ABOUT THIS EXERCISE: Copy out every line of the records where the string "each" occurs.
*** Opening GIVEN INFORMATION ***
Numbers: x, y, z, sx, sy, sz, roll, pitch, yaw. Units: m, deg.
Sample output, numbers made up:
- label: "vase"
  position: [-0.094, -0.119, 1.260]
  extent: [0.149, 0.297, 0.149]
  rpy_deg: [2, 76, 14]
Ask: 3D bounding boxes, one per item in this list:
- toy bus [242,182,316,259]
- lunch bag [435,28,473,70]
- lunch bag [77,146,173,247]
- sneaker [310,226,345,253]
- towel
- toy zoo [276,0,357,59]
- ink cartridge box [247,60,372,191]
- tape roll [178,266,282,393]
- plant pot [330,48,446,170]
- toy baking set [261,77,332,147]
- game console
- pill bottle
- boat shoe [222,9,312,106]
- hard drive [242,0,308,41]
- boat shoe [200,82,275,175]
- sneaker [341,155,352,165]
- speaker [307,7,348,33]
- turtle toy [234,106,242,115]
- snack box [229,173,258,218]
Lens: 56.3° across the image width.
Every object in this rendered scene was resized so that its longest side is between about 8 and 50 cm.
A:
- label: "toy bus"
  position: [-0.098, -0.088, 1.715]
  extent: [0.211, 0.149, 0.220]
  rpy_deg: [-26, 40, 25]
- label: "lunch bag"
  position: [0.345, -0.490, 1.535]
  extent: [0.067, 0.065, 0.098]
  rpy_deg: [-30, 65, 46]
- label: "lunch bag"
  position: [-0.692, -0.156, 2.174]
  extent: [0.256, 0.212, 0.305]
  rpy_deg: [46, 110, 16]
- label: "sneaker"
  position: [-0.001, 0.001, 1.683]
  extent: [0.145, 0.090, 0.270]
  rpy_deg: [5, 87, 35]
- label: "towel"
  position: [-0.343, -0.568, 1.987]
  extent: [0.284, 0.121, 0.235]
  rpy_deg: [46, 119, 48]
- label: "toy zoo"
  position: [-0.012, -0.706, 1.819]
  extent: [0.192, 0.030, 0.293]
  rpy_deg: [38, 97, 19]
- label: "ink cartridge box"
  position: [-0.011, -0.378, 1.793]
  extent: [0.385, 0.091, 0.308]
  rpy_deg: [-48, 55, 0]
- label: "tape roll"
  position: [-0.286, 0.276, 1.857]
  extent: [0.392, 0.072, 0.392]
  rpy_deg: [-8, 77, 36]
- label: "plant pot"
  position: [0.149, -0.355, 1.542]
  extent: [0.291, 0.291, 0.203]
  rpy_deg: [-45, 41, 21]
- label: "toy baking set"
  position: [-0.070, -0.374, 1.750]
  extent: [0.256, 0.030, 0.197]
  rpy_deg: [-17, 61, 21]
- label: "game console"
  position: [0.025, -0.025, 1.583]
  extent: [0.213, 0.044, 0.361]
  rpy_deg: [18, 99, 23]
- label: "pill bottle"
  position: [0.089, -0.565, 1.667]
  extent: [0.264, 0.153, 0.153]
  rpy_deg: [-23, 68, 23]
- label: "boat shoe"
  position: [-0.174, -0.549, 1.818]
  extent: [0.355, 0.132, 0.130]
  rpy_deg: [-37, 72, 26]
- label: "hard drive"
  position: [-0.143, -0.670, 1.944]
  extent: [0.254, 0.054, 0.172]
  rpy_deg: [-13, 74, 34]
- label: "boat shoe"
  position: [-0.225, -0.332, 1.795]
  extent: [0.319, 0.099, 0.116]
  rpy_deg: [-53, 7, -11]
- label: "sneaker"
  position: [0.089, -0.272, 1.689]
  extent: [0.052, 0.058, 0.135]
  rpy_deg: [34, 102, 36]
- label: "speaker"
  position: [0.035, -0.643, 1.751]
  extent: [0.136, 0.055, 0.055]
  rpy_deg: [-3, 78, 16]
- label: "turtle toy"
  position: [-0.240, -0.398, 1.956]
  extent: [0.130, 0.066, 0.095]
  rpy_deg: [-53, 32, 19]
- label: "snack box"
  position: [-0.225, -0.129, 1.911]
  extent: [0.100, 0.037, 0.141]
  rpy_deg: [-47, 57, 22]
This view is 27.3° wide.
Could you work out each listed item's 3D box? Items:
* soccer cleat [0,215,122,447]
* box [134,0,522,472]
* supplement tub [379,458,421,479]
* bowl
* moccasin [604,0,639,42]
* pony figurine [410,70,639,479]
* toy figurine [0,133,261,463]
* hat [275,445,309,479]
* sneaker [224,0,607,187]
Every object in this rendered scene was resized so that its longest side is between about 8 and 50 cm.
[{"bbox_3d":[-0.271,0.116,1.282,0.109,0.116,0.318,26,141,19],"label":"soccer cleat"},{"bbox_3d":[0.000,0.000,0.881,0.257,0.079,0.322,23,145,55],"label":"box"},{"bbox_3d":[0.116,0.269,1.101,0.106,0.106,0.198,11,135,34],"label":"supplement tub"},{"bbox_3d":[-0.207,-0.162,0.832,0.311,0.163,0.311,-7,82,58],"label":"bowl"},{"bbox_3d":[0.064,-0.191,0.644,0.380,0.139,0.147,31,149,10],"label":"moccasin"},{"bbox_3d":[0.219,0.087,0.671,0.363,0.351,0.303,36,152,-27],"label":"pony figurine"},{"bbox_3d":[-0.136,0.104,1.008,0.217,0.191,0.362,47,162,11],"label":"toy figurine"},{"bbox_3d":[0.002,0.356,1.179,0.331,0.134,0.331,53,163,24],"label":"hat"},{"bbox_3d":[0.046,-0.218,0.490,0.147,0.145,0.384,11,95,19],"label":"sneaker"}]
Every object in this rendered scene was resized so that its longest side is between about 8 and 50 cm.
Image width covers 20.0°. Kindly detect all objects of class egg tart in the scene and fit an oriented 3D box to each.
*** Closing GIVEN INFORMATION ***
ANSWER TO THIS EXERCISE:
Could you work out each listed item's 3D box? Items:
Image width covers 20.0°. Kindly detect all objects of class egg tart in the scene and fit an oriented 3D box to each.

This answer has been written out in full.